Ensure that type implements interface
suggest changeIn Go interfaces are satisfied implicitly. You don’t have to declare that a type is meant to implement a given interface.
It’s convenient but also makes it possible to not fully implement an interface by mistake and compiler has no way of detecting that.

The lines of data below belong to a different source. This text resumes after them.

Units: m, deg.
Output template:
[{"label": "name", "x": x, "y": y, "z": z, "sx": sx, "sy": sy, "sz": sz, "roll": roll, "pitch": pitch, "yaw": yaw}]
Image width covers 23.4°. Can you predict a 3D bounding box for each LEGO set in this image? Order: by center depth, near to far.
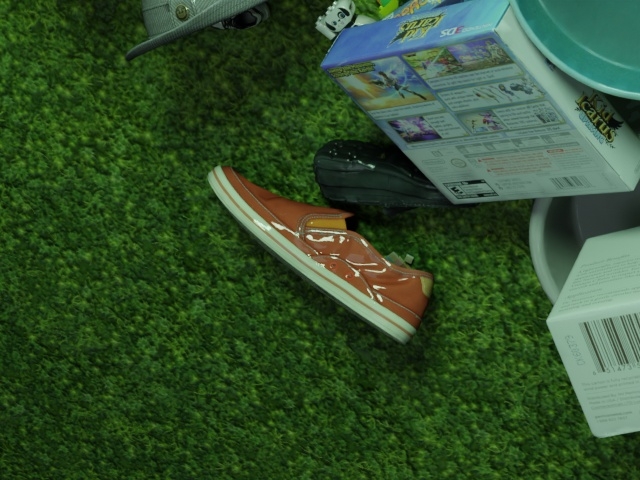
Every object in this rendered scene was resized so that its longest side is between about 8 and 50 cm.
[{"label": "LEGO set", "x": 0.069, "y": -0.314, "z": 1.697, "sx": 0.093, "sy": 0.087, "sz": 0.227, "roll": 37, "pitch": 130, "yaw": -15}]

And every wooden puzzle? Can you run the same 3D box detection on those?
[{"label": "wooden puzzle", "x": 0.093, "y": 0.044, "z": 1.956, "sx": 0.049, "sy": 0.006, "sz": 0.083, "roll": 46, "pitch": 128, "yaw": -6}]

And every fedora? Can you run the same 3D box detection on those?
[{"label": "fedora", "x": -0.120, "y": -0.307, "z": 1.701, "sx": 0.275, "sy": 0.244, "sz": 0.124, "roll": -11, "pitch": 108, "yaw": 50}]

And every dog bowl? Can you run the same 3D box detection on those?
[{"label": "dog bowl", "x": 0.393, "y": -0.006, "z": 1.721, "sx": 0.349, "sy": 0.102, "sz": 0.348, "roll": 13, "pitch": 124, "yaw": 20}]

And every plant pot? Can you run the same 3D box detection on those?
[{"label": "plant pot", "x": 0.336, "y": -0.306, "z": 1.467, "sx": 0.272, "sy": 0.255, "sz": 0.271, "roll": 12, "pitch": 123, "yaw": 19}]

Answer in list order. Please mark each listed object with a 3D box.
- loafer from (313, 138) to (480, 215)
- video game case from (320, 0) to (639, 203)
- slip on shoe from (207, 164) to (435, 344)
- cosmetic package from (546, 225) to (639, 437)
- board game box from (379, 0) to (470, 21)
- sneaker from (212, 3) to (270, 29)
[{"label": "loafer", "x": 0.096, "y": -0.067, "z": 1.848, "sx": 0.223, "sy": 0.076, "sz": 0.078, "roll": 10, "pitch": 128, "yaw": 26}, {"label": "video game case", "x": 0.170, "y": -0.140, "z": 1.612, "sx": 0.244, "sy": 0.061, "sz": 0.270, "roll": 43, "pitch": 153, "yaw": -29}, {"label": "slip on shoe", "x": 0.000, "y": 0.000, "z": 1.924, "sx": 0.331, "sy": 0.123, "sz": 0.101, "roll": 35, "pitch": 86, "yaw": 14}, {"label": "cosmetic package", "x": 0.350, "y": 0.087, "z": 1.617, "sx": 0.151, "sy": 0.183, "sz": 0.151, "roll": -13, "pitch": 112, "yaw": 31}, {"label": "board game box", "x": 0.156, "y": -0.228, "z": 1.693, "sx": 0.201, "sy": 0.035, "sz": 0.136, "roll": -31, "pitch": 135, "yaw": 33}, {"label": "sneaker", "x": -0.102, "y": -0.266, "z": 1.843, "sx": 0.083, "sy": 0.037, "sz": 0.032, "roll": -9, "pitch": 116, "yaw": 32}]

There’s a way to a compile-type check for that:
type MyReadCloser struct {
}
func (rc *MyReadCloser) Read(d []byte) (int, error) {
return 0, nil
}
var _ io.ReadCloser = &MyReadCloser{}
# test
./main.go:15:5: cannot use &MyReadCloser literal (type *MyReadCloser) as type io.ReadCloser in assignment:
*MyReadCloser does not implement io.ReadCloser (missing Close method)
exit status 2
Our intent was for MyReadCloser
to implement io.ReadCloser
interface.
However, we forgot to implement Close
method.
This line caught this problem at compile time:
var _ io.ReadCloser = &MyReadCloser{}
We tried to assign *MyReadCloser
type to variable of type io.ReadCloser
.
Since *MyReadCloser
doesn’t implement Close
method, the compiler detected this is an invalid assignement at compile time.
We assigned the value to blank identifier _
because we don’t actually use that variable for anything.